Next, in the bearing portion 19 of the casing 16, as shown in FIG. 1, between the bearing 15 and the inner bottom surface 19 a of the bearing portion 19, a corrugated annular shape for urging the bearing 15 in the thrust direction is provided. A spring 21, a disk-shaped washer 22 made of synthetic resin or metal or the like with excellent rigidity, and a rubber member 23 such as nitrile rubber processed into a disk shape with a wall thickness excellent in oil resistance and elasticity. The first vibration absorbing device 24 also having a preload function is inserted therein. Further, in the bearing portion 20 of the cover body 17, between the bearing 15a and the inner bottom surface 20c of the bearing portion 20, holes b, c through which the rotor shaft 14 penetrates are formed, and the same washer 22a and the rubber member 23a are formed. A second vibration absorbing device 25 having the function of preloading is inserted.

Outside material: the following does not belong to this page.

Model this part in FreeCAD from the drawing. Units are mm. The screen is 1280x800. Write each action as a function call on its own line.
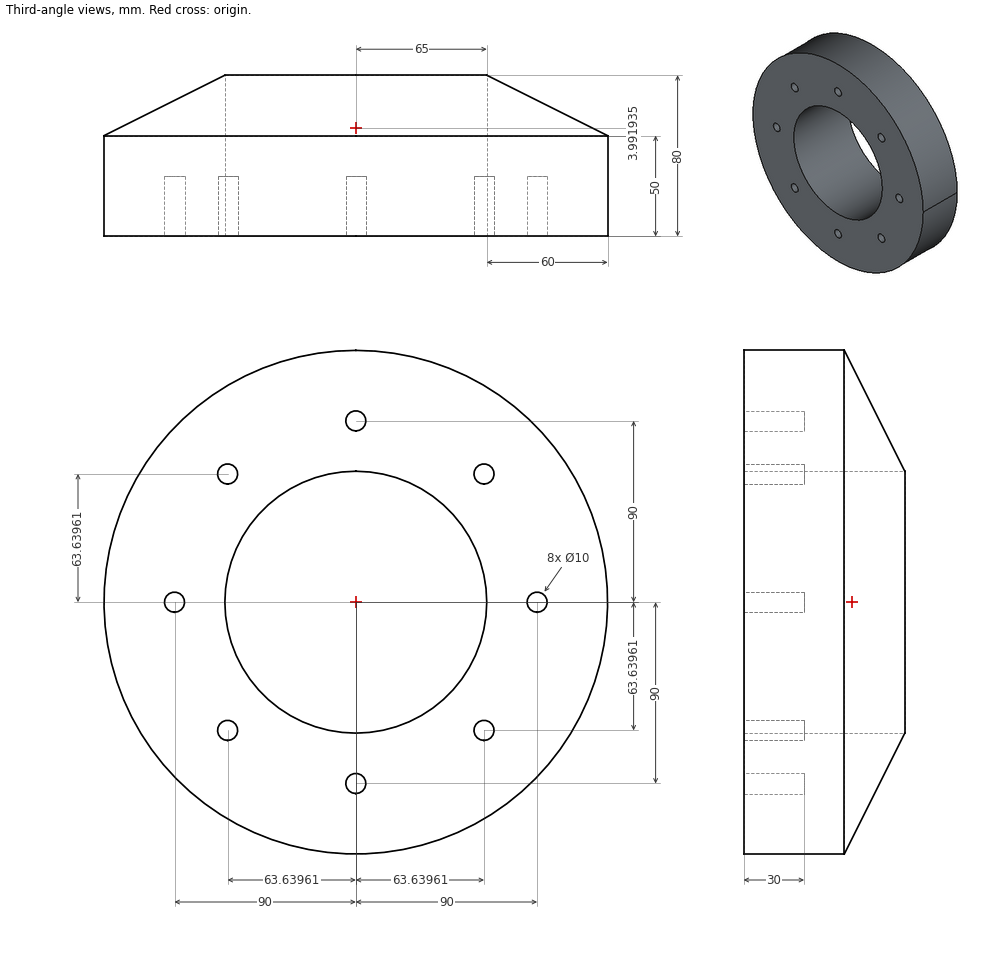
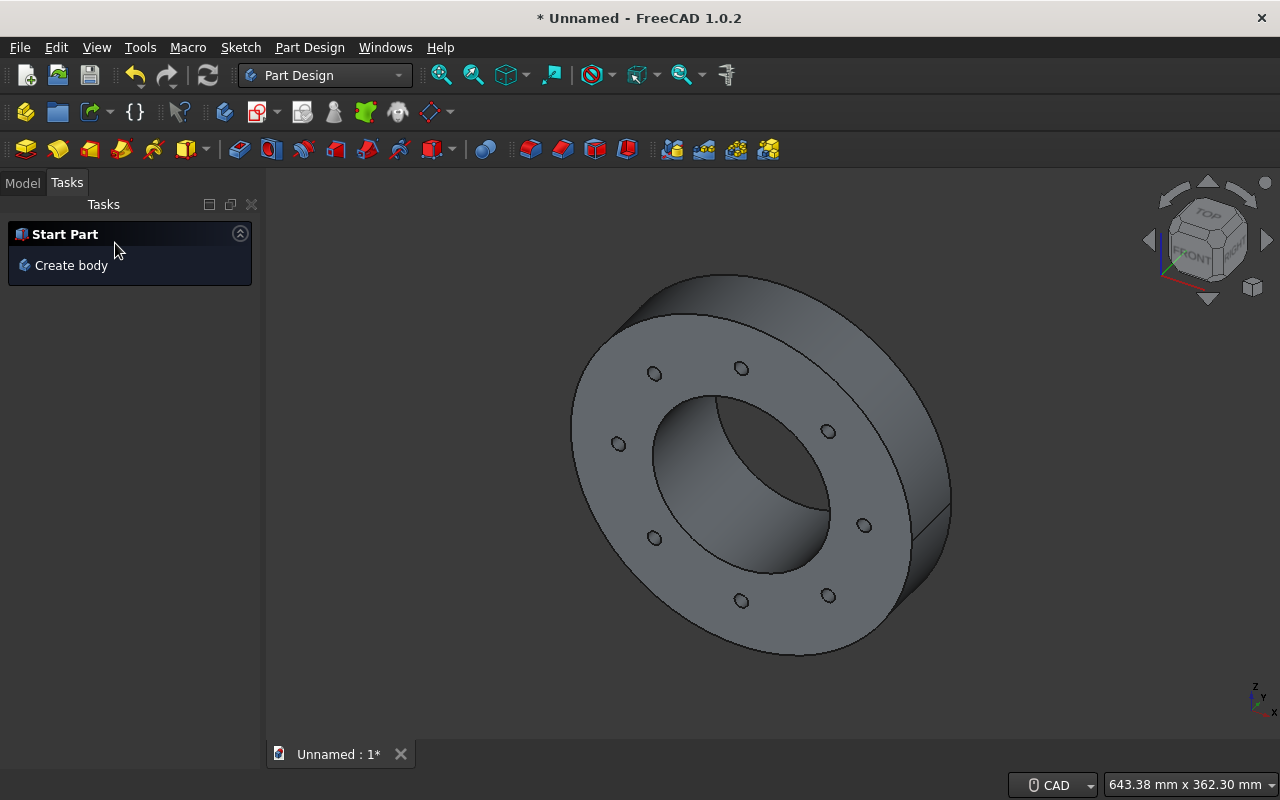
key(0)

Next, the operation of the above embodiment will be described. When assembling the electric motor, the stator core 11 around which the stator winding 12 is wound is press-fitted into the casing 16 to be housed. Subsequently, the bearings 15 and 15a are fitted to the rotor shaft 14 of the rotor 13 at predetermined positions, and then the bearing portion 19 of the casing 16 has a rubber member 23, a washer 22, and a wave 22 on its inner bottom surface 19a. A first vibration absorber 24 consisting of a mold annular spring 21 is inserted. On the other hand, in the bearing portion 20 of the cover body 17, the second vibration absorbing device 25 including the rubber member 23a and the washer 22a is inserted on the inner bottom surface 20c. In this state, the tip of the rotor shaft 14 (on the left side in FIG. 1) is passed through the through hole 20b of the inner bottom surface 20c of the bearing portion 20 of the cover body 17, and the bearing 15a is passed through the second vibration absorber 25. Bearing that is fitted in the bearing portion 20 and then the rotor 13 is inserted into the rotor insertion hole 11a of the stator core 11 and is fitted to the base end of the rotor shaft 14 (right side in FIG. 1). By fitting 15 into the bearing portion 19 of the casing 16 via the first vibration absorber 24, the opening a of the casing 16 is covered with the cover body 17, and the cover body 17 is not tightened. The assembly work of the electric motor X is completed by fastening the casing 16 with screws or the like. By assembling the electric motor X as described above, the rotor 13 is thrust by the preloading action of the first and second vibration absorbing devices 24 and 25 of the bearing portions 19 and 20 via the bearings 15 and 15a. The bearing portions 19 and 20 are rotatably supported by the bearing portions 19 and 20 via the rotor shaft 14 while being pressed and biased in the direction.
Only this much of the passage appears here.